Silhouette and Space: The Negative Volume
The most radical innovation of the strip-based construction is the manipulation of negative space. By removing fabric, we create volume. A traditional ball gown uses mass to define shape; Zoey’s SS26 uses absence. A skirt, for example, is not a solid cone but a lattice of velvet strips, spiraling from the waist to the floor. The gaps between the strips are as important as the strips themselves. They create a visual permeability, allowing the observer to see the body in fragments, to perceive the space that the garment does not occupy.
This is a silhouette that breathes. It is not static. When the model walks, the strips part and close, revealing and concealing the leg in a rhythm of exposure. The futuristic silhouette here is not one of rigid geometry (the sphere, the cube) but of dynamic, chaotic order.
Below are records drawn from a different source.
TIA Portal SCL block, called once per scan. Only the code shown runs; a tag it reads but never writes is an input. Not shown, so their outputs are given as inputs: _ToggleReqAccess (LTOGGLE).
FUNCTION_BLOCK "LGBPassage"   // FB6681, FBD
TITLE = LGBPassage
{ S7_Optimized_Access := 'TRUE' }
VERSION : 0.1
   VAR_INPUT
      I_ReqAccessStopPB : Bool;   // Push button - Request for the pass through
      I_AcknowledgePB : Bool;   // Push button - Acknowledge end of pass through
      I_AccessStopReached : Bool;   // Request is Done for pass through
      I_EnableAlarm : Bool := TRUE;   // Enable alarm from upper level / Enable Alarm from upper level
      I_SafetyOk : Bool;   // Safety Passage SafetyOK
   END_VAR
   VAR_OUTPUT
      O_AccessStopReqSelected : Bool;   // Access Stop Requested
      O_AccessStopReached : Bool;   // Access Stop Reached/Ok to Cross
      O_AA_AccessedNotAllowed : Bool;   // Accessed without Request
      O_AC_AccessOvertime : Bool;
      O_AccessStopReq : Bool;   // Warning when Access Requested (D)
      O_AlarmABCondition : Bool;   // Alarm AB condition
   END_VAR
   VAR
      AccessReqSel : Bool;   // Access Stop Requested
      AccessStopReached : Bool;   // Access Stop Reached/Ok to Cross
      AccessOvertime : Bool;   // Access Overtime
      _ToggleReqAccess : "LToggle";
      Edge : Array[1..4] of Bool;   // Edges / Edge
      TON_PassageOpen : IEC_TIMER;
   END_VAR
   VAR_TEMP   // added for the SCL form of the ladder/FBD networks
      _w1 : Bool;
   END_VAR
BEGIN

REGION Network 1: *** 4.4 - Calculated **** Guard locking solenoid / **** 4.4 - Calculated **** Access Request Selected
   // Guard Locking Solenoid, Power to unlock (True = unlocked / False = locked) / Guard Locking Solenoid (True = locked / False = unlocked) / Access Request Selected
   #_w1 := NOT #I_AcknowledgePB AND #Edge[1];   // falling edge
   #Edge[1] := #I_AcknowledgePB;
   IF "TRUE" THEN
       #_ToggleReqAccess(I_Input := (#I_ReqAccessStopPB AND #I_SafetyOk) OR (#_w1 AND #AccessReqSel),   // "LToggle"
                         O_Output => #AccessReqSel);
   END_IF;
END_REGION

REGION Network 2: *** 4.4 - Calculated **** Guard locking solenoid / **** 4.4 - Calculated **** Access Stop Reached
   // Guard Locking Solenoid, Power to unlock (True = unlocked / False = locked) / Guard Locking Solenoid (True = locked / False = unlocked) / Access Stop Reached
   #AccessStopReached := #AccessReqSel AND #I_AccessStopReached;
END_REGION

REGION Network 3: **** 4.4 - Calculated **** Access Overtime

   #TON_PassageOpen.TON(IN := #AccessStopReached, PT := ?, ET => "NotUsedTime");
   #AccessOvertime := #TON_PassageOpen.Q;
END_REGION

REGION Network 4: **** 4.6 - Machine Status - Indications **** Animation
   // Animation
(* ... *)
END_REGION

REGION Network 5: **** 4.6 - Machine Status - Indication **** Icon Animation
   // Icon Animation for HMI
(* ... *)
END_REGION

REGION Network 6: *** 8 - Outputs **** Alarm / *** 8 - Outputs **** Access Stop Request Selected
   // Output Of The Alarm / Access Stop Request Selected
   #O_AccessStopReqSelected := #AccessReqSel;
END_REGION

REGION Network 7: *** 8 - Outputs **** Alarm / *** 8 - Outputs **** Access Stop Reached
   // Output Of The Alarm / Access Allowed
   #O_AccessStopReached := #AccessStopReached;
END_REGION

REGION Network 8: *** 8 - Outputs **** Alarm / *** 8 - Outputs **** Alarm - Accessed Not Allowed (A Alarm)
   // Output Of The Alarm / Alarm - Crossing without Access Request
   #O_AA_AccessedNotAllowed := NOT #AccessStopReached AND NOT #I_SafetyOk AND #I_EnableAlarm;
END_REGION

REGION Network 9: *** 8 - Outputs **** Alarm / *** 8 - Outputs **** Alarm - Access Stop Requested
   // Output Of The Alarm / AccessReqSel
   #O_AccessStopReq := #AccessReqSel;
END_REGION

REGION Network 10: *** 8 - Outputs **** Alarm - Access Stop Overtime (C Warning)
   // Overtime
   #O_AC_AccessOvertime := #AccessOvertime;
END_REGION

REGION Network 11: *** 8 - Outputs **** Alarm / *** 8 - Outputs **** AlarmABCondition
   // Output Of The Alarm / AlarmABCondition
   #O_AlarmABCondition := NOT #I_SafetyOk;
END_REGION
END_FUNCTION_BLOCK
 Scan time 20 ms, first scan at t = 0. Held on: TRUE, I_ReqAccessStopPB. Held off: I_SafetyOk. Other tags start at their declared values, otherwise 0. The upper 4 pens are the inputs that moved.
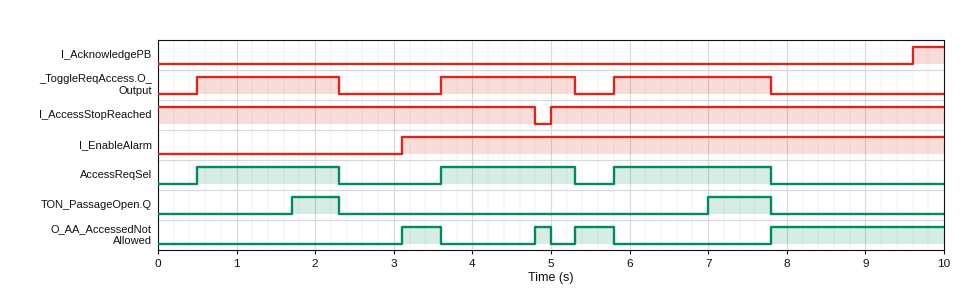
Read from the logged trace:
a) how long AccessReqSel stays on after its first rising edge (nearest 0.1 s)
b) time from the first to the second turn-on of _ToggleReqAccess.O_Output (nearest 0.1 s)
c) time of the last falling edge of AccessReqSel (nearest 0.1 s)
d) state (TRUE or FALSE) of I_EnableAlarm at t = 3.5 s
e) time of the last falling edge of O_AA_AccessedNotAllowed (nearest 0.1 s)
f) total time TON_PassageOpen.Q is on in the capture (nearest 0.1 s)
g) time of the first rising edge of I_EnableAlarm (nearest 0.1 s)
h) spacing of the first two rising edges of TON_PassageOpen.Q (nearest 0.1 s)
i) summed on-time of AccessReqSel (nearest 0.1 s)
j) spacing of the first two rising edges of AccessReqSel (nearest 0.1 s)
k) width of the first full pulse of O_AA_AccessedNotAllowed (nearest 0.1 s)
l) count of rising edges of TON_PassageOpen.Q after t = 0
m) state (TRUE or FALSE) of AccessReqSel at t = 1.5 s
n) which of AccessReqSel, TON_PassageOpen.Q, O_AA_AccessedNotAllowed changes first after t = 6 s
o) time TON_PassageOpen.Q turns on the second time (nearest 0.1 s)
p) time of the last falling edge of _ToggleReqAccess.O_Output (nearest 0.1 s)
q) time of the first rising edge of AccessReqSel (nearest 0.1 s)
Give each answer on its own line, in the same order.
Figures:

The strips can be programmed to move in specific patterns via micro-servos embedded in the structural frame—a subtle, almost imperceptible flutter that mimics the respiration of a living organism. The shoulder line, traditionally a locus of power, is dissolved into a series of independent, floating velvet strips that hover around the clavicle, creating a halo of material that is both protective and ephemeral.
Construction as Performance: The Deconstructive Process
The final layer of analysis is the process itself. The strip is not a finished component; it is a record of its own making. The edges of the velvet are left raw to show the cut, the precision of the laser, the hand of the artisan who tensioned each strip. This is a deconstructive aesthetic in the purest sense: the garment announces its own construction. The seams are not hidden; they are celebrated as the points of connection between strips, often reinforced with exposed metal grommets or micro-chains.
For SS26, Zoey Fashion Laboratory proposes a new definition of luxury: not in the abundance of material, but in the precision of its absence. The velvet strip, in its isolated, tensioned state, becomes a line of inquiry—a question about the nature of covering, the politics of exposure, and the future of the human form as a site for architectural intervention. This is not a collection for the passive observer. It demands a new kind of gaze—one that sees the space between the strips as the true canvas, and the body as the primary structural element. The future of couture, this analysis suggests, lies not in draping the body, but in framing it with lines of force, with velvet edges that cut through time and space.